A British filmmaker who tackles incendiary political and historical subjects with a documentarian's grit, holding power to account through dramatic television.
Peter Kosminsky is a filmmaker who treats television not as entertainment but as a public forum, specializing in hard-hitting, politically charged dramas drawn from recent history and current affairs. After starting his career at the BBC, he gained a reputation for a fiercely researched, uncompromising style. He doesn't shy away from controversy, taking on the British army's conduct in Northern Ireland ('Warriors'), the death of Dr. David Kelly ('The Government Inspector'), and the radicalization of young Westerners in ISIS ('The State'). Even his foray into Hollywood, 'White Oleander,' explored dark familial trauma. His most celebrated work, the Tudor-era 'Wolf Hall,' was a departure in period but not in intensity, presenting Thomas Cromwell's rise as a chilling study of realpolitik. Kosminsky's process involves deep immersion, often spending years on research, resulting in films that feel less like historical recreations and more like urgent dispatches, earning him a singular place as Britain's foremost director of political conscience.
1946–1964
The largest generation in history at the time. Shaped by postwar prosperity, the Vietnam War, the sexual revolution, and Watergate. They questioned every institution their parents built — then ran them.
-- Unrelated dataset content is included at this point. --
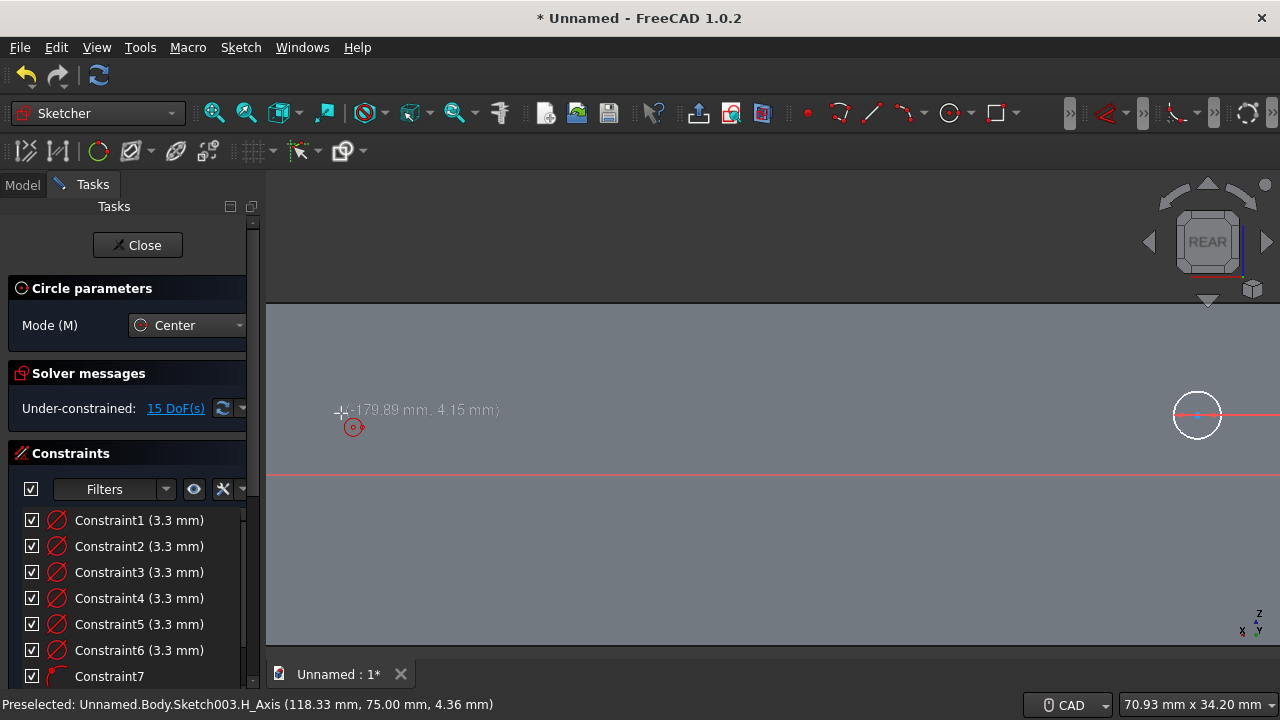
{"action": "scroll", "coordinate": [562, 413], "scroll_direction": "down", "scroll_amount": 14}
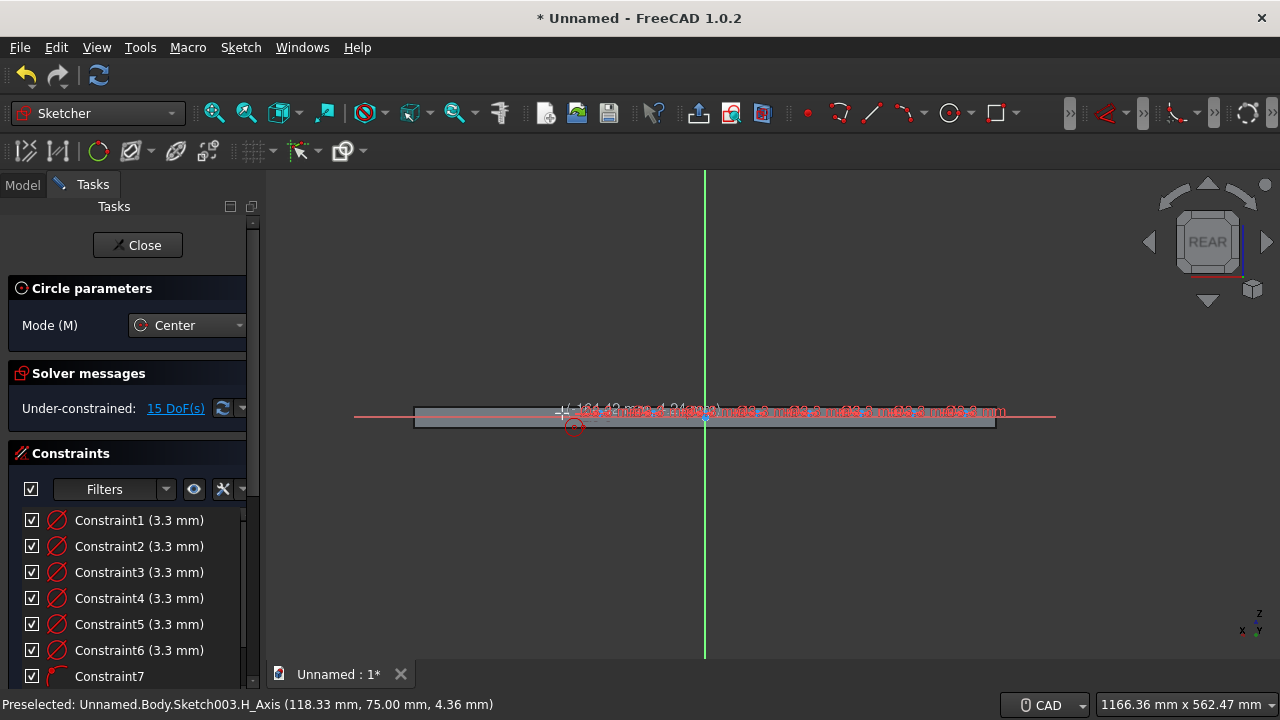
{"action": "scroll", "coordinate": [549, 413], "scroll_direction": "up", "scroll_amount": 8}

Peter was born in 1956, placing them squarely in the Baby Boomers. The events that shaped this generation — postwar prosperity, civil rights, Vietnam, and the counterculture — shaped the world they entered and the choices available to them.
The biggest hits of 1956
#1 Movie
The Ten Commandments
Best Picture
Around the World in 80 Days
#1 TV Show
I Love Lucy
The world at every milestone
Elvis Presley appears on The Ed Sullivan Show
Yuri Gagarin becomes the first human in space
Apollo 11: humans walk on the Moon; Woodstock festival
Watergate break-in; last Apollo Moon mission
Nixon resigns the presidency
Star Wars premieres; Elvis dies
Challenger disaster; Chernobyl nuclear meltdown
Dolly the sheep cloned
Twitter launches; Pluto reclassified as dwarf planet
Donald Trump elected president; Brexit vote
He frequently collaborates with actor Mark Rylance, who starred in both 'Wolf Hall' and 'The Government Inspector'.
He turned down a CBE (Commander of the Order of the British Empire) in 2000.
Before directing, he studied at the National Film and Television School in the UK.
“I'm interested in the point where private lives intersect with great public events.”